Effrayées par le chômage record et l'épidémie de faillites, les banques espagnoles rechignent à accorder des crédits, mais leur prudence menace la fragile reprise du pays, préviennent économistes et organismes internationaux.

"Le secteur financier espagnol a amélioré considérablement sa solvabilité, mais il ne joue toujours pas son rôle indispensable de soutien à l'économie, car le flux de crédit vers les familles et entreprises n'a pas repris", souligne une étude publiée mardi par l'école de commerce Esade.

"Il y a un manque de crédit depuis mi-2009, le taux de crédits accordés a diminué, non seulement pour les familles mais aussi et surtout, pour les petites et moyennes entreprises", explique Josep Manel Comajuncosa, auteur de l'étude.

Selon la Banque d'Espagne, les crédits aux ménages ont baissé en novembre de 4% sur un an et ceux aux entreprises ont fondu de 8,3%, malgré la sortie du pays, au troisième trimestre, de deux ans de récession.

Bénéficiaire d'une aide européenne de 41,3 milliards d'euros pour assainir ses banques, soutenue par la Banque centrale européenne (BCE) qui a apaisé les doutes des marchés, l'Espagne s'attire les louanges des analystes pour son ambitieux travail de réformes, même s'il est coûteux socialement.

Pourtant, ces derniers mois, les mises en garde se multiplient.

Les crédits en Espagne subissent "l'une des plus fortes baisses parmi les grandes économies développées", insistait récemment le Fonds monétaire international (FMI), appelant à "stimuler la capacité des banques à prêter".

"L'accès au crédit bancaire reste excessivement restrictif", a aussi souligné Angel Gurria, secrétaire général de l'Organisation de coopération et de développement économique (OCDE), et "entre 2011 et 2012, la chute a été de 17% pour les crédits aux petites et moyennes entreprises".

"Les prêts, en particulier ceux aux entreprises, continuent de baisser de manière substantielle", s'inquiète la Commission européenne, "même si on est peut-être près de toucher le fond".

Les banques rappellent, elles, la situation encore fragile d'un pays ébranlé par l'éclatement de sa bulle immobilière en 2008.

"Quand l'économie a une croissance nulle ou très modérée, le crédit ne peut pas augmenter", explique une porte-parole de l'Association espagnole des banques (AEB).

Alors que le chômage touche un actif sur quatre et que les faillites ne cessent de monter, "il y a un problème de quantité et de qualité de la demande: d'un côté, la demande de crédit par le secteur privé reste très faible et, de l'autre, la solvabilité des entreprises et des familles a empiré par rapport à avant la crise".

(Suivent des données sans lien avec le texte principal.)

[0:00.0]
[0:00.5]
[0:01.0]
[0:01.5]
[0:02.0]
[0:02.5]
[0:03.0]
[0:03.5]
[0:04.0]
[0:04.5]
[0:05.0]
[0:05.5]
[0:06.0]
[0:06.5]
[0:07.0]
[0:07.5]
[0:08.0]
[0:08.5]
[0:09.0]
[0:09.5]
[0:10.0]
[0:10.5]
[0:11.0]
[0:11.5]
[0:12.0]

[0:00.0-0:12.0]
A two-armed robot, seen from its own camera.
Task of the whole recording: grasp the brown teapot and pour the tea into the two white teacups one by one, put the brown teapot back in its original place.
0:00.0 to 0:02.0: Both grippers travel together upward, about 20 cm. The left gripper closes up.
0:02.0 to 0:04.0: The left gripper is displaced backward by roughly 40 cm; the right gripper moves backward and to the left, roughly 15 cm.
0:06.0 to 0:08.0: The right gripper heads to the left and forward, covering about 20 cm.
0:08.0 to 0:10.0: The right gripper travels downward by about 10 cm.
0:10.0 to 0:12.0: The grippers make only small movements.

L'endettement des ménages et des sociétés ayant explosé pendant les belles années de l'économie, l'heure est au remboursement de ces dettes, plutôt qu'à en contracter de nouvelles: selon l'Esade, les familles ont réduit leur ardoise de 85% du PIB en 2010 à 79% en 2013. Les entreprises ont fait de même, passant de 148% en 2010 à 143% fin 2012.

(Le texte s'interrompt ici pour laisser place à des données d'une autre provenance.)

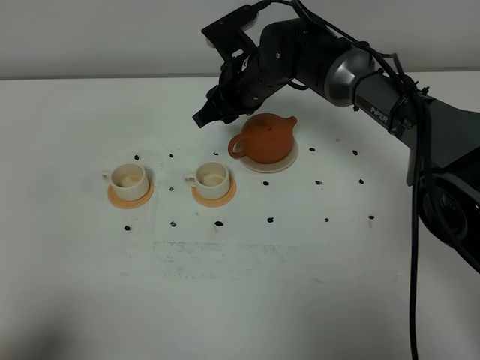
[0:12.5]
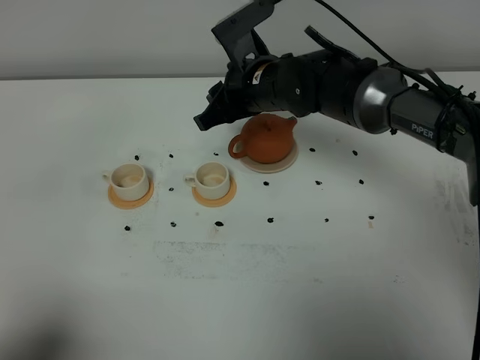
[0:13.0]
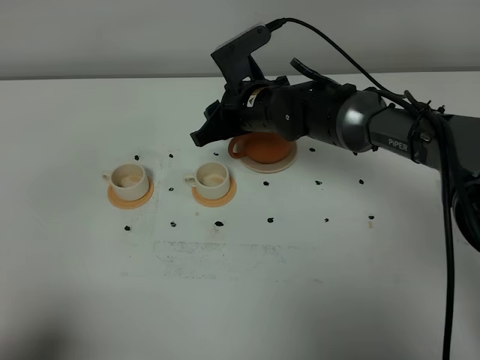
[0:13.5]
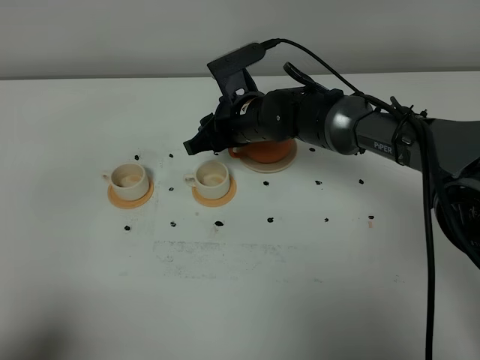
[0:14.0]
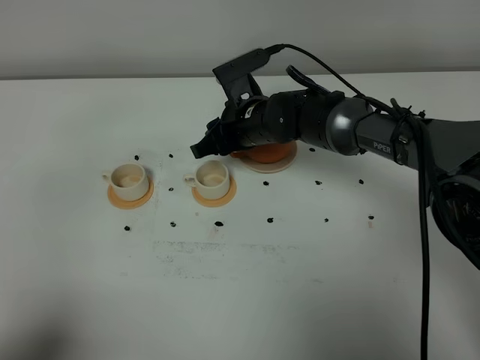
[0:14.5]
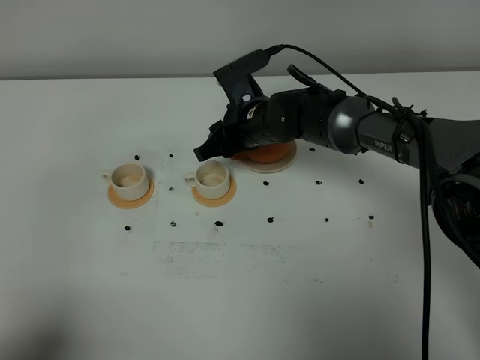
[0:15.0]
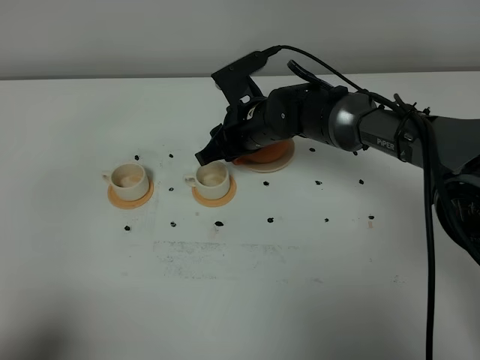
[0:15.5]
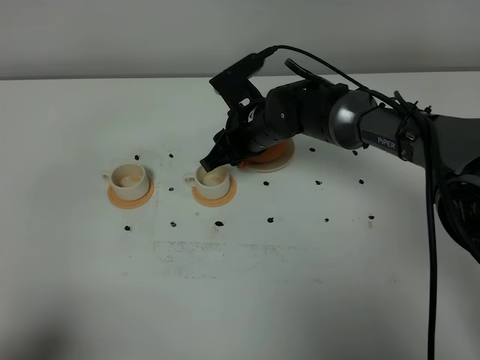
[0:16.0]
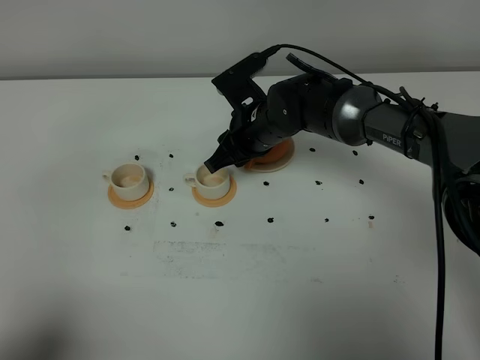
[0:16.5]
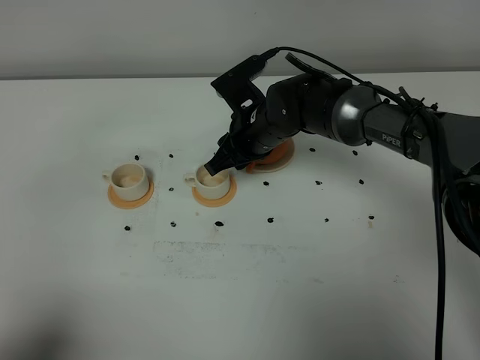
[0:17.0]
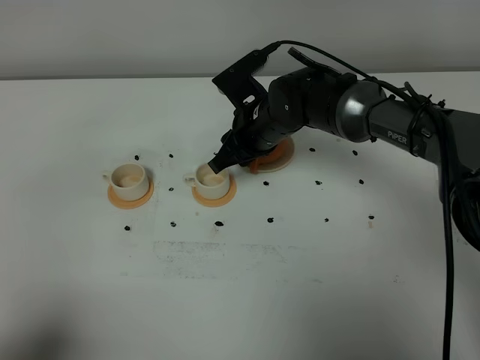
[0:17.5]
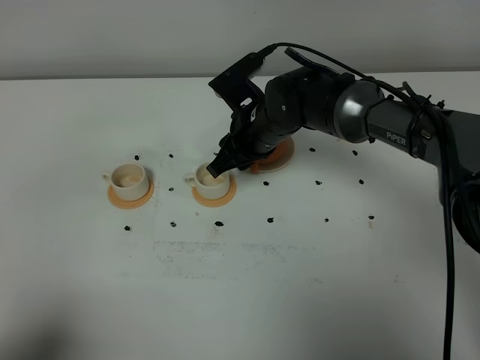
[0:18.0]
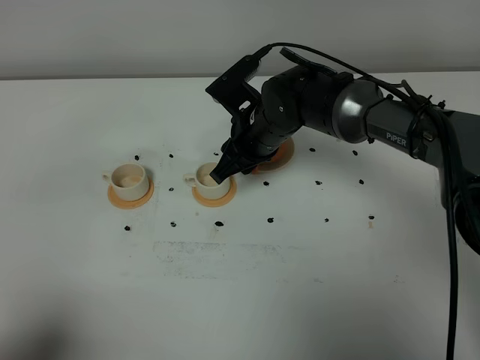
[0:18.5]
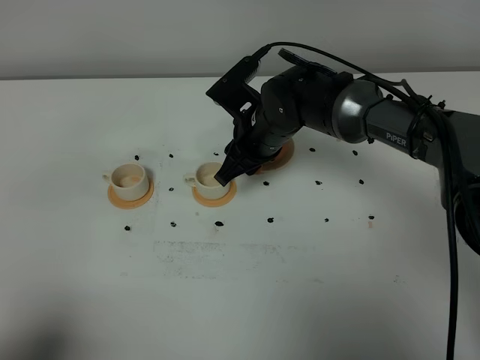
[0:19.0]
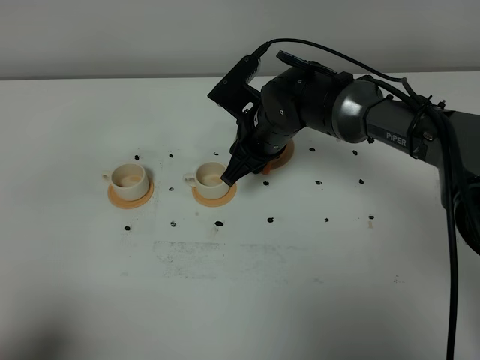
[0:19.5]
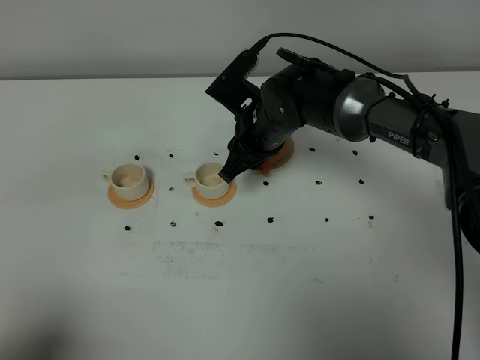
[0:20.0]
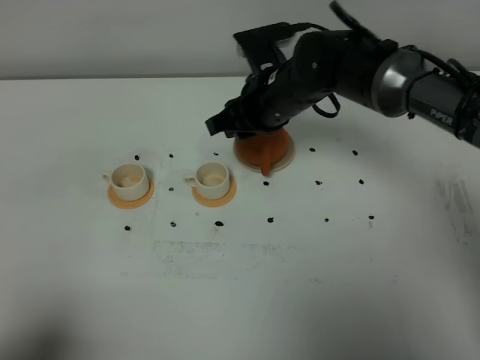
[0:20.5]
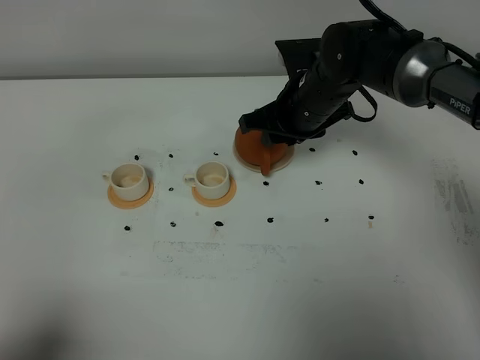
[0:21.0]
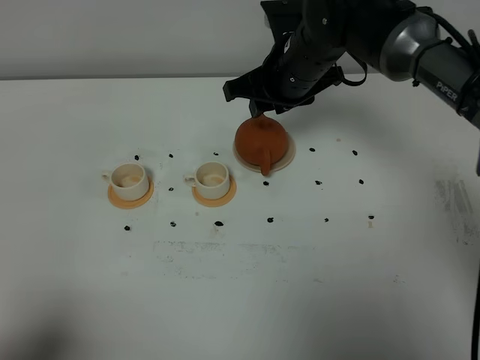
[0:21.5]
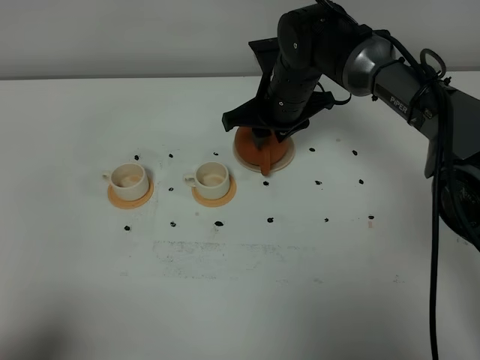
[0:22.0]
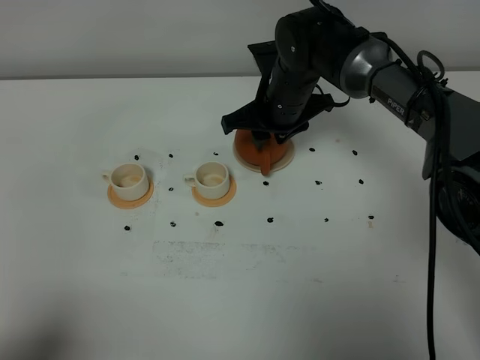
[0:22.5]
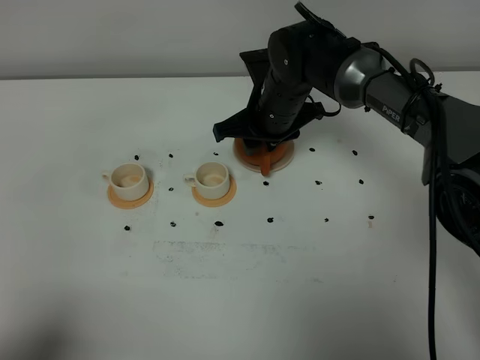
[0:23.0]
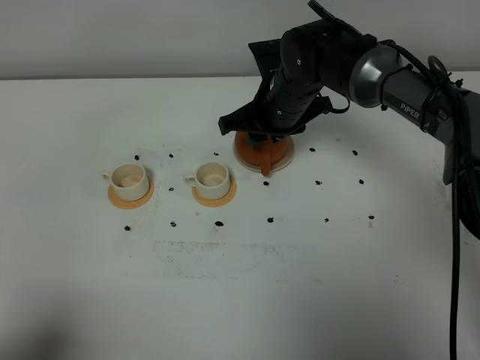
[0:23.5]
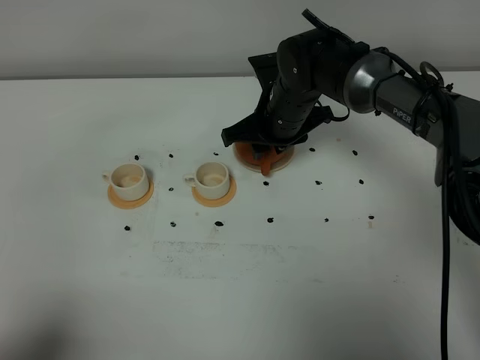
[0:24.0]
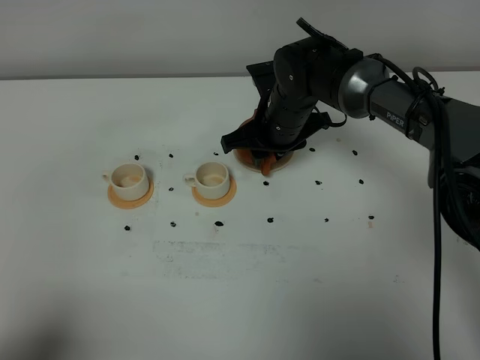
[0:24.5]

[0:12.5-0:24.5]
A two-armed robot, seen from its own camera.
Task of the whole recording: grasp the brown teapot and pour the tea into the two white teacups one by one, put the brown teapot back in its original place.
0:12.5 to 0:14.5: The right gripper heads downward, covering approximately 5 cm.
0:14.5 to 0:16.5: The grippers stay close to where they were, moving slightly.
0:16.5 to 0:18.5: The grippers stay close to where they were, moving slightly.
0:18.5 to 0:20.5: The right gripper moves approximately 5 cm.
0:22.5 to 0:24.5: The grippers stay close to where they were, moving slightly.

Et difficile pour les banques de faire confiance à un emprunteur quand leurs créances douteuses (prêts risquant de ne pas être remboursés) sont déjà au plus haut en cinquante ans.

"Les chiffres montrent qu'il y a des entreprises solvables qui n'obtiennent pas de crédits", rétorque Josep Manel Comajuncosa.

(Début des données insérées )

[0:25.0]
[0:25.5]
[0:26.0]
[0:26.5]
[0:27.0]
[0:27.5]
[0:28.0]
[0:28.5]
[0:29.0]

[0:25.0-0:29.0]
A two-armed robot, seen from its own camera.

"Bien sûr, si une entreprise n'est pas solvable, il n'est pas raisonnable que la banque lui donne un crédit, mais si elle l'est et que la banque ne le lui accorde pas, c'est un problème car cela contracte l'économie", ajoute-t-il, prévoyant une croissance faible en 2014 (0,5%-1%), qui pourrait devenir nulle en 2015 si la situation du crédit ne s'améliore pas.

"Les banques ont complètement coupé le crédit", témoigne Maria José Landaburu, secrétaire générale de l'Union d'associations de travailleurs indépendants et petites entreprises (UATAE), "et la situation actuelle est que 90% des petits entrepreneurs qui demandent un crédit ne l'obtiennent pas".

La question de la solvabilité "est une excuse, à mon avis", car "l'activité bancaire repose aussi sur le risque", dit-elle, regrettant les effets de leur extrême prudence: "depuis le début de la crise, 90 entreprises ont fermé chaque jour, et la raison, dans de nombreux cas, était le manque de crédit".